New Detroit businesses help to further revitalize McNichols in Live6 corridor

West McNichols Road has really started to fill up lately—at least along the stretch near Marygrove College and the University of Detroit. In April, the Neighborhood HomeBase community center opened its doors there.

 

And in the last few years the strip has also seen the arrival of the Detroit Sip coffee shop and the Detroit Parent Collective, a co-working space that also offers childcare services.

 

Adding to the emerging development, a new barbecue joint and soon-to-be-opened cluster of businesses, including a bar, promise to bring a flurry of new activity to the neighborhood.

 

Owners of T-Mo's barbecue restaurant build for the future

The new barbecue place just arrived on McNichols this past May. Owned by married couple Tito and Monica Dotson, T-Mo’s BBQ Pit is a southern pit-style barbecue restaurant with a menu that offers smoked ribs, pork chops, and several styles of chicken dinners, as well as rib and pulled pork sandwiches and a variety of sides and desserts.

 

Monica primarily runs the business, while Tito divides his time between the restaurant and his work as a truck driver. T-Mo’s isn’t the Dotsons' first business venture; prior to opening the restaurant, they ran a combination barber shop and record store called Def Cuts in the Seven Mile-Evergreen area of Detroit. Their barbecue business, though, grew out of a side gig.

 

“We started out with a tailgate. … Once it started catching on, we said, ‘Hey, why don’t we try catering gigs,’ ” says Tito. “We started doing it a little steadier and decided, ‘Well, let’s get into the restaurant business.' ”

 

Attracted by its proximity to the Avenue of Fashion, the Dotsons chose a property at the corner of McNichols and Prairie and ended up purchasing it in a city tax foreclosure auction in 2015. Local residents tell Tito the previous owners had tried to run a BBQ restaurant at the spot as well but had to quit before they got it up and running. By the time the Dotsons got the deed, the place was basically falling apart.

 

“When we purchased the building it was in really bad shape," says Tito. "We had to gut everything down. Rebuild everything. So we built it basically from scratch.”

 

Over the last few years, the Dotsons have spent more than $200,000 of their own money fixing up the place. During that time, they’ve transformed the once-dilapidated 1,500-square-foot facility into an attractive red and tan building with a rustic wooden interior. Although T-Mo’s is primarily a carry-out establishment, there is a small dine-in area that can seat about eight people.

 

Since T-Mo’s opened two months ago, business has been good for the Dotsons. In fact, at times they’ve been so flooded with catering requests that they’ve had to turn down some of them.

 

While owning a restaurant is a new venture for the Dotsons, Tito is starting to like the work and is hopeful about what may be in store for the business. They plan to give back to the community by supporting educational opportunities for kids in the neighborhood and donating to local events.

 

“It’s challenging. You have a lot of moving parts, but it’s pretty enjoyable,” he says. “So let’s see what we can do for our future.
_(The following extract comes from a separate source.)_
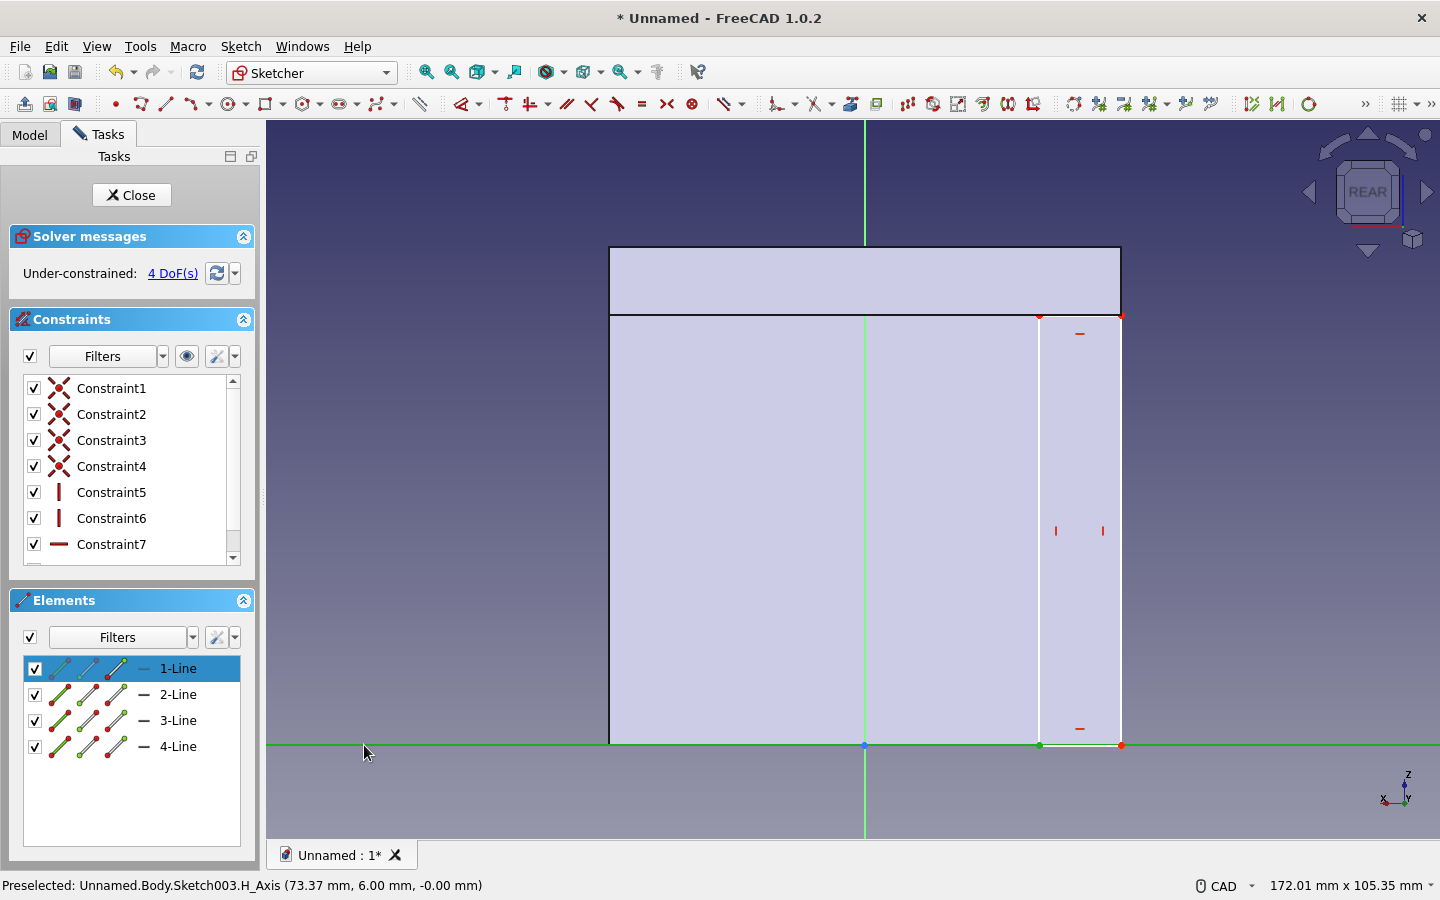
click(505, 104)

We want to build a sustainable future for our family.”

 

Detroit Sip owner branches out with new businesses

 

Ernest Smith and his fiancée, Jevona Watson, are developing a new cluster of businesses on McNichols between Pennington and San Juan Streets. Watson is an attorney who lives in the area and owns the Detroit Sip cafe. Smith works in the construction and property management industries, and his family at one time owned the Studio 54 club in downtown Detroit.

 

This development will be anchored by a new bar and restaurant called Sips On Six—a name that alludes to both to Detroit Sip and the fact that McNichols is also known as Six Mile Road.

 

The bar’s home will be housed in a 6,000-square-foot building that in the past has been used as an events hall. It’ll feature a 40-foot-long bar, large kitchen, and spacious bathrooms.

 

“The ambience will be similar to Detroit Sip,” says Smith. “The countertops are being done by someone in Detroit. The chairs and tables will be restored by a group that does restoration here in Detroit. A lot of the build-out was previously there, so we’re just adding to it and giving it a little more spunk.”

 

As for the food, the owners surveyed the neighborhood to see what they’d like. They also want to offer something beyond the fast food and coney island fare that’s prevalent in the area, so while the menu is still under development, customers should expect to see items like salmon and lamb chops on the menu. Plans are also underway to have a variety of different entertainment options at the venue including jazz and poetry.

 

In addition to the bar, the two developers are also renovating five other buildings on the block that they own, including one that was once home to Winkleman’s department store. While details are still being finalized, a salon, yoga studio, cooperative workspace, and another restaurant are all being discussed as possible tenants on the strip.

 

“We’re trying to broaden the horizons of what can be over here,” says Smith. “We want to make sure we can give everything we can give, 110 percent, so the McNichols neighborhood can come back to life."

 

If all goes well, Sips On Six and several of the other new businesses should open their doors by early fall.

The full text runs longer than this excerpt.